Exercise aim | Go through the material below, find each line with the word "minNumProcedure", and copy those lines.
================================
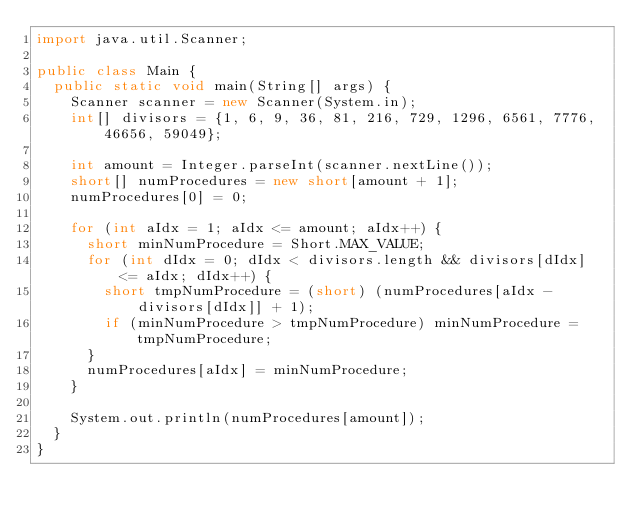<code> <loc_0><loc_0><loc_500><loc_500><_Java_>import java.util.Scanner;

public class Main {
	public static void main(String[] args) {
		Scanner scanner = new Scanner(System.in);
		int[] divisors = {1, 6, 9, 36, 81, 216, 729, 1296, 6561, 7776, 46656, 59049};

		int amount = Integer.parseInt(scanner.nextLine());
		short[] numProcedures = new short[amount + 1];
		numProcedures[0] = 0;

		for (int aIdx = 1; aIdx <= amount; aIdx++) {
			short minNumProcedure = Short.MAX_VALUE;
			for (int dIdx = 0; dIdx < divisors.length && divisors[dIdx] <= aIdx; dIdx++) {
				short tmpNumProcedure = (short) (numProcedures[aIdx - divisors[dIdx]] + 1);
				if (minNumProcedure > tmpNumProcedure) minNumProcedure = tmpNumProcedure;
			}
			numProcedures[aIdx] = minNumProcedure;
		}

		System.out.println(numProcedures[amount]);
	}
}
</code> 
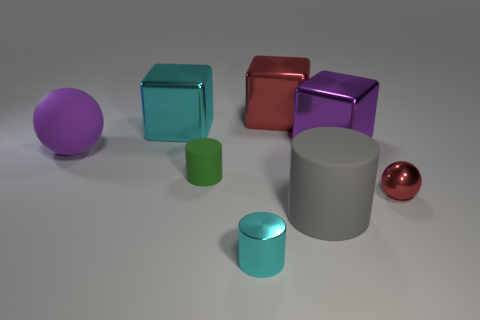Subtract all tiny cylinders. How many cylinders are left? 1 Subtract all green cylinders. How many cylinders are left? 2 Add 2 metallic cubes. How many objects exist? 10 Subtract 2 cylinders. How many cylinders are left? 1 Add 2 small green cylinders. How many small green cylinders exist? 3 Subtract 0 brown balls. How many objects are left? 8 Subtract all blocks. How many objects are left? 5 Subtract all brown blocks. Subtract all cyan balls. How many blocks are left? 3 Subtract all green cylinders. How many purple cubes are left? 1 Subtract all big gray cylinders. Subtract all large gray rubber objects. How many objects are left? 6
================================
Expected output |
			short minNumProcedure = Short.MAX_VALUE;
				if (minNumProcedure > tmpNumProcedure) minNumProcedure = tmpNumProcedure;
			numProcedures[aIdx] = minNumProcedure;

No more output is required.